Received: 31 December 2012; in revised form: 30 January 2013 / Accepted: 4 February 2013 /
Published: 11 February 2013

Abstract

: The molecular dynamic (MD) modeling approach was applied to evaluate the effect of an external electric field on soybean hydrophobic protein and surface properties. Nominal electric field strengths of 0.002 V/nm and 0.004 V/nm had no major effect on the structure and surface properties of the protein isolate but the higher electric field strength of 3 V/nm significantly affected the protein conformation and solvent accessible surface area. The response of protein isolate to various external field stresses demonstrated that it is necessary to gain insight into protein dynamics under electromagnetic fields in order to be able to develop the techniques utilizing them for food processing and other biological applications.
Keywords:
molecular dynamic modeling; soybean hydrophobic protein; electromagnetic fields

1. Introduction

The field of molecular dynamic (MD) modeling is concerned with the atomic and molecular interactions that take place within the physical system that governs its microscopic and macroscopic behavior. It was developed as a tool to numerically simulate simplistic models in statistical mechanics [1], but advancement in computer technology paved the path for the development of MD modeling techniques to understand the structural and dynamic properties of biomolecules. The technique has been widely used in the field of molecular biology and pharmaceutical sciences, and it has lead to the development of a wide range of efficient and accurate drug systems based on the structural and dynamic data obtained from the simulation. However, its use in food process engineering has been negligible; its development in and application to modern sophisticated unit operations in food manufacturing is essential to evaluate the changes in the organoleptic and nutritional quality of the final food product. Current consumer preference is for high nutritional food products, manufactured through the application of energy efficient processes, which has challenged industries and researchers to develop and utilize newer techniques such as microwave or pulsed electric field and radio frequency, alone or in combination with traditional unit operations [2,3].

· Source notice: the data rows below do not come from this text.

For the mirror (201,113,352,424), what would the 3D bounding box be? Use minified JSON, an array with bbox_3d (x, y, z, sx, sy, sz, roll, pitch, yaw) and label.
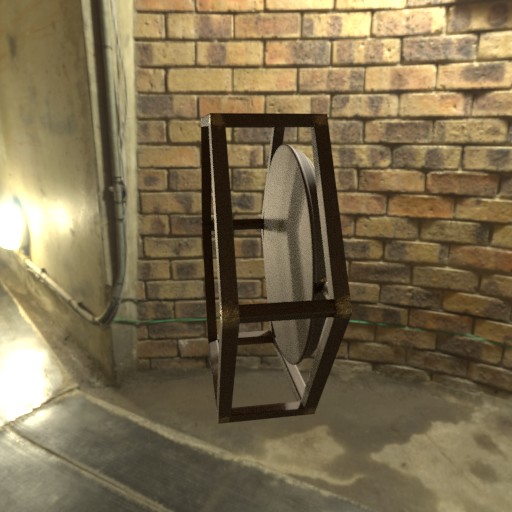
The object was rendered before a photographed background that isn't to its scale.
[{"bbox_3d":[0.000,0.000,0.555,0.119,0.334,0.380,-3,16,-9],"label":"mirror"}]
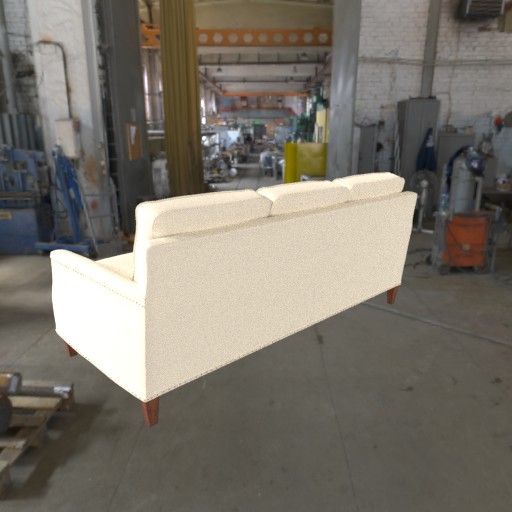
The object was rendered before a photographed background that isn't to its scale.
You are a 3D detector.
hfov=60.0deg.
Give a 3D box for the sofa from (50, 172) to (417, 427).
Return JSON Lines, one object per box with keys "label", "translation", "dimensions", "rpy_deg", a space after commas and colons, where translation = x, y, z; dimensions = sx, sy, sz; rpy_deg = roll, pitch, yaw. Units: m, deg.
{"label": "sofa", "translation": [0.000, 0.000, 2.867], "dimensions": [2.246, 1.003, 1.084], "rpy_deg": [-15, 22, -42]}
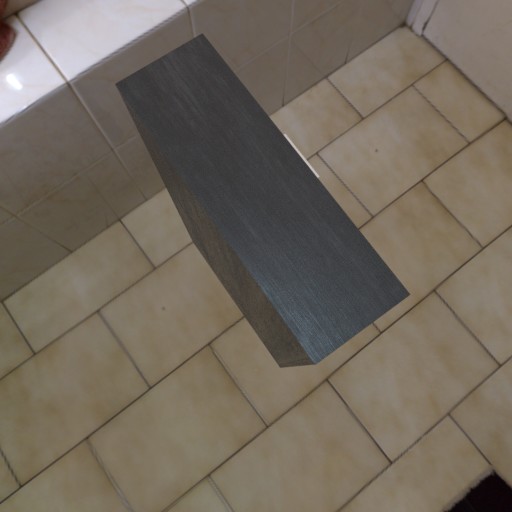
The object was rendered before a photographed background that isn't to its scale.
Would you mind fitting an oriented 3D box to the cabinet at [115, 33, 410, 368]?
[{"bbox_3d":[0.000,0.000,1.558,0.250,1.280,0.750,-34,78,-8],"label":"cabinet"}]
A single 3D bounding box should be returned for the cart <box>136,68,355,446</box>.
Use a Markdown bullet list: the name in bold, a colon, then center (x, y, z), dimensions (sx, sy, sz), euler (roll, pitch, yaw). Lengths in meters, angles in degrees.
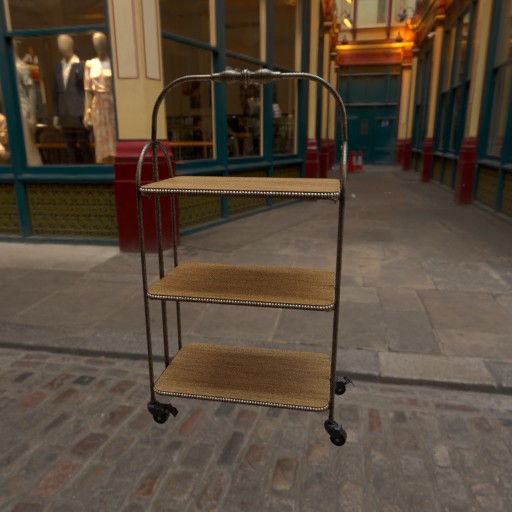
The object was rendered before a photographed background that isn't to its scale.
- **cart**: center (0.000, 0.000, 1.341), dimensions (0.650, 1.052, 0.330), euler (3, 16, 10)

The development and optimization of food processes depends on mechanical limitations and the needs stated by the consumers in terms of the final product. In general, the quality of the final product is estimated by quantifying its components such as proteins, starch, mineral, vitamins and other constituents. However, the quality of the constituents themselves is rarely considered as a parameter for the optimization process. Application of unit operations such as drying, freezing, filtration, etc. not only negatively impacts the quantity of the food constituents but also have a significant effect on their quality. Proteins play a fundamental role for humans and are an important constituent of food. Processing methods and parameters have diverse effects on protein quality and quantity. Protein function depends on its structure and any change due to the presence of external stresses—such as heat, pH, chemicals and electromagnetic field—can lead to its denaturation leading to nonfunctional characteristics. The effect of an electromagnetic field on protein conformation has been extensively studied [4,5,6,7,8], but it is challenging to quantify the effect, as the alteration to conformation takes place in a very short time span (nanoscale) [9]. It is our understanding that in order to gain the insight into the mechanism of the interaction between electromagnetic fields and food constituents, it is necessary to understand the influence at atomistic and molecular level.

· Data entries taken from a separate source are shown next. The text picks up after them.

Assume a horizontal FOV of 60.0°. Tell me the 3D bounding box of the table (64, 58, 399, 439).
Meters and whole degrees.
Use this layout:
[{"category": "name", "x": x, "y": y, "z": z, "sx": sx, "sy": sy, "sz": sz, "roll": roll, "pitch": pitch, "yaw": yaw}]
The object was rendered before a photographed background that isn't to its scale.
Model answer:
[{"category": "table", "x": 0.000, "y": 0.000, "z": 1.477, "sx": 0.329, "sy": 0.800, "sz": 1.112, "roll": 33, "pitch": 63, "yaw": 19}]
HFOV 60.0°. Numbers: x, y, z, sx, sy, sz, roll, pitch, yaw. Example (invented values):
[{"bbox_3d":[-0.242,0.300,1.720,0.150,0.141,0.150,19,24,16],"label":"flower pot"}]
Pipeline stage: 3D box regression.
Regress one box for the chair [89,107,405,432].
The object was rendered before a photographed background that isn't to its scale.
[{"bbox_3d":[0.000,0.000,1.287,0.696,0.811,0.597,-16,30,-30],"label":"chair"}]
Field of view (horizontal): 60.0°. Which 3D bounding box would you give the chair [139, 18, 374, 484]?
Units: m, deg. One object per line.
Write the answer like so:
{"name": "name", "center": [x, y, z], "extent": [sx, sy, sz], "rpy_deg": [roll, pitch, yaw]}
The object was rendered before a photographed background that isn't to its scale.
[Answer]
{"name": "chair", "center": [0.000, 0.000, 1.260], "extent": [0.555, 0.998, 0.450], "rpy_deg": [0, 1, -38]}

We have used a MD modeling approach to analyze the effect of a high electric field on the conformation of soybean hydrophobic protein (SHP), which is part of the soybean protein isolate. Soybean protein (SP) is one of the most extensively studied food proteins. Protein isolates from soybean are prepared from defatted soybean flour using a water extraction process under mild alkaline conditions [8]. SP has excellent functional and nutritional properties [10,11], but conventional thermal treatment processes used in food industries have undesirable effects on their solubility and water absorption characteristics [8,12]. Several novel processing techniques apply electromagnetic waves such as microwave and radio frequency or high electric field to achieve superior food quality [2]. In 2011, Xiang et al. [8] studied the structural modification induced by the application of PEF on soybean protein isolate. They reported that the application of an electric field intensity of 20–25 kV/cm and pulse number varying from 30–120 induced changes in the microenvironment of the soy protein’s tryptophan residues from a less polar to a more polar environment, they indicated that these changes in the polarity was brought by partial denaturation of the protein under PEF treatment.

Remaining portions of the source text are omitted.